Please repeat all the entries. Nothing may differ.

----- DATA PROVIDED

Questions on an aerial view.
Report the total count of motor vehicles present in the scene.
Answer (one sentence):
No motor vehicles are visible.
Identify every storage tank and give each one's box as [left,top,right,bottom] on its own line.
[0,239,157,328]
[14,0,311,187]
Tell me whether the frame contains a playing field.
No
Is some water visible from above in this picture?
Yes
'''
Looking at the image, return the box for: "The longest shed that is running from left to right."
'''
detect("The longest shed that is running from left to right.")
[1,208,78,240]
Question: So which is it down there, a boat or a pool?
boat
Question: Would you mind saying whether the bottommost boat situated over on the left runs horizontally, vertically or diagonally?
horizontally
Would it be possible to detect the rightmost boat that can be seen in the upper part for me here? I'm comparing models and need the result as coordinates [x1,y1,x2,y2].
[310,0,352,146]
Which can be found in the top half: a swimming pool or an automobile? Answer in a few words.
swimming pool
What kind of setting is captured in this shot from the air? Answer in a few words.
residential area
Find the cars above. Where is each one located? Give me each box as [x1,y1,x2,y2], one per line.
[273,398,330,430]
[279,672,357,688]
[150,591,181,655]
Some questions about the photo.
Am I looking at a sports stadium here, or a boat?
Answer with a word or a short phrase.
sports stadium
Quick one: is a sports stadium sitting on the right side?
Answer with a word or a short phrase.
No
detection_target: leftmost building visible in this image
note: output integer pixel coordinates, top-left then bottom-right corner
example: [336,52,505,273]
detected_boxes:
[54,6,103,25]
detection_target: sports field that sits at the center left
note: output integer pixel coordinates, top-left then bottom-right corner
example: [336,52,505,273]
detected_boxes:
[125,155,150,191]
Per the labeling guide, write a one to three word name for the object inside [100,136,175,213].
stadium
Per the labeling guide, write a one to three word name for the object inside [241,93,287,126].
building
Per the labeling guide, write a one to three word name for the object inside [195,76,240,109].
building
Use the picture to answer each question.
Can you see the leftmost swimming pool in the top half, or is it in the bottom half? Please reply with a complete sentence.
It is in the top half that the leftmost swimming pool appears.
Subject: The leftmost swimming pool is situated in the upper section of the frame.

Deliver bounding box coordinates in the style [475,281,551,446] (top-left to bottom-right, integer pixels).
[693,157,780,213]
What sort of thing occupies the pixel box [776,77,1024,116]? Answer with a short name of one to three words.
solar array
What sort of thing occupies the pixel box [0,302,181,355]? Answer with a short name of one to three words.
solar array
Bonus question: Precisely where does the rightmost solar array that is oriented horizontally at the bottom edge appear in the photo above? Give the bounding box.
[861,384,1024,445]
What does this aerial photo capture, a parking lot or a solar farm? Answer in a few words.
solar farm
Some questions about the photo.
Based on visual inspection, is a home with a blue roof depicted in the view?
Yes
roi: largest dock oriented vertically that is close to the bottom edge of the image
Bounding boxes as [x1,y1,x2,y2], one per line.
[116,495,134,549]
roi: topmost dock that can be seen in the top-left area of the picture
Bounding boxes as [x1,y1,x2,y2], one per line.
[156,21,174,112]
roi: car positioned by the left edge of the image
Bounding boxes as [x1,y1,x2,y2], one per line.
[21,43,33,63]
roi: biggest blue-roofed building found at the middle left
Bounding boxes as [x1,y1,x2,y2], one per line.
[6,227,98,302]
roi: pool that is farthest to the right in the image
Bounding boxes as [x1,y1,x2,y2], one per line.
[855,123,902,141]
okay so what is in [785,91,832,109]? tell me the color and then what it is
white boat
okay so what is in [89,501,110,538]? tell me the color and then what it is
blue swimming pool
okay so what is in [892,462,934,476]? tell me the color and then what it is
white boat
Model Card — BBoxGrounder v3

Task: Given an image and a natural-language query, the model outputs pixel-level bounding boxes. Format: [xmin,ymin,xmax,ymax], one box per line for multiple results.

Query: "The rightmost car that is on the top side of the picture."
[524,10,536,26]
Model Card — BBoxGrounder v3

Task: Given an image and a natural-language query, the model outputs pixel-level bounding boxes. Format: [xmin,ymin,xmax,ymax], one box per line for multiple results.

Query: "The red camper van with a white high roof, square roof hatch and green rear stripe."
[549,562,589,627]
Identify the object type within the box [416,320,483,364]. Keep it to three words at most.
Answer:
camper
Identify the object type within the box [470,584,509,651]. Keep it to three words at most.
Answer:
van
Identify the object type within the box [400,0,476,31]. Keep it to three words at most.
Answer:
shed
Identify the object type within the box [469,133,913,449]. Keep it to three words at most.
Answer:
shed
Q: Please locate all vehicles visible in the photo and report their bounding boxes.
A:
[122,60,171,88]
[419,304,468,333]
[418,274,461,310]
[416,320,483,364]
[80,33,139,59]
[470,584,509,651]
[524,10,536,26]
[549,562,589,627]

----------

ANSWER TO THIS TASK:
Questions on an aerial view.
Report the total count of motor vehicles present in the scene.
Answer (one sentence):
No motor vehicles are visible.
Identify every storage tank and give each one's box as [left,top,right,bottom] on its own line.
[0,239,157,328]
[14,0,311,187]
Tell me whether the frame contains a playing field.
No
Is some water visible from above in this picture?
Yes
'''
Looking at the image, return the box for: "The longest shed that is running from left to right."
'''
detect("The longest shed that is running from left to right.")
[1,208,78,240]
Question: So which is it down there, a boat or a pool?
boat
Question: Would you mind saying whether the bottommost boat situated over on the left runs horizontally, vertically or diagonally?
horizontally
Would it be possible to detect the rightmost boat that can be seen in the upper part for me here? I'm comparing models and need the result as coordinates [x1,y1,x2,y2].
[310,0,352,146]
Which can be found in the top half: a swimming pool or an automobile? Answer in a few words.
swimming pool
What kind of setting is captured in this shot from the air? Answer in a few words.
residential area
Find the cars above. Where is each one located? Give me each box as [x1,y1,x2,y2], one per line.
[273,398,330,430]
[279,672,357,688]
[150,591,181,655]
Some questions about the photo.
Am I looking at a sports stadium here, or a boat?
Answer with a word or a short phrase.
sports stadium
Quick one: is a sports stadium sitting on the right side?
Answer with a word or a short phrase.
No
detection_target: leftmost building visible in this image
note: output integer pixel coordinates, top-left then bottom-right corner
example: [336,52,505,273]
detected_boxes:
[54,6,103,25]
detection_target: sports field that sits at the center left
note: output integer pixel coordinates, top-left then bottom-right corner
example: [336,52,505,273]
detected_boxes:
[125,155,150,191]
Per the labeling guide, write a one to three word name for the object inside [100,136,175,213].
stadium
Per the labeling guide, write a one to three word name for the object inside [241,93,287,126].
building
Per the labeling guide, write a one to three word name for the object inside [195,76,240,109].
building
Use the picture to answer each question.
Can you see the leftmost swimming pool in the top half, or is it in the bottom half? Please reply with a complete sentence.
It is in the top half that the leftmost swimming pool appears.
Subject: The leftmost swimming pool is situated in the upper section of the frame.

Deliver bounding box coordinates in the style [475,281,551,446] (top-left to bottom-right, integer pixels).
[693,157,780,213]
What sort of thing occupies the pixel box [776,77,1024,116]? Answer with a short name of one to three words.
solar array
What sort of thing occupies the pixel box [0,302,181,355]? Answer with a short name of one to three words.
solar array
Bonus question: Precisely where does the rightmost solar array that is oriented horizontally at the bottom edge appear in the photo above? Give the bounding box.
[861,384,1024,445]
What does this aerial photo capture, a parking lot or a solar farm? Answer in a few words.
solar farm
Some questions about the photo.
Based on visual inspection, is a home with a blue roof depicted in the view?
Yes
roi: largest dock oriented vertically that is close to the bottom edge of the image
Bounding boxes as [x1,y1,x2,y2], one per line.
[116,495,134,549]
roi: topmost dock that can be seen in the top-left area of the picture
Bounding boxes as [x1,y1,x2,y2], one per line.
[156,21,174,112]
roi: car positioned by the left edge of the image
Bounding boxes as [x1,y1,x2,y2], one per line.
[21,43,33,63]
roi: biggest blue-roofed building found at the middle left
Bounding boxes as [x1,y1,x2,y2], one per line.
[6,227,98,302]
roi: pool that is farthest to the right in the image
Bounding boxes as [x1,y1,x2,y2], one per line.
[855,123,902,141]
okay so what is in [785,91,832,109]? tell me the color and then what it is
white boat
okay so what is in [89,501,110,538]? tell me the color and then what it is
blue swimming pool
okay so what is in [892,462,934,476]? tell me the color and then what it is
white boat
Model Card — BBoxGrounder v3

Task: Given an image and a natural-language query, the model outputs pixel-level bounding boxes. Format: [xmin,ymin,xmax,ymax], one box per line for multiple results.

Query: "The rightmost car that is on the top side of the picture."
[524,10,536,26]
Model Card — BBoxGrounder v3

Task: Given an image and a natural-language query, the model outputs pixel-level bounding boxes. Format: [xmin,ymin,xmax,ymax], one box per line for multiple results.

Query: "The red camper van with a white high roof, square roof hatch and green rear stripe."
[549,562,589,627]
Identify the object type within the box [416,320,483,364]. Keep it to three words at most.
Answer:
camper
Identify the object type within the box [470,584,509,651]. Keep it to three words at most.
Answer:
van
Identify the object type within the box [400,0,476,31]. Keep it to three words at most.
Answer:
shed
Identify the object type within the box [469,133,913,449]. Keep it to three words at most.
Answer:
shed
Q: Please locate all vehicles visible in the photo and report their bounding boxes.
A:
[122,60,171,88]
[419,304,468,333]
[418,274,461,310]
[416,320,483,364]
[80,33,139,59]
[470,584,509,651]
[524,10,536,26]
[549,562,589,627]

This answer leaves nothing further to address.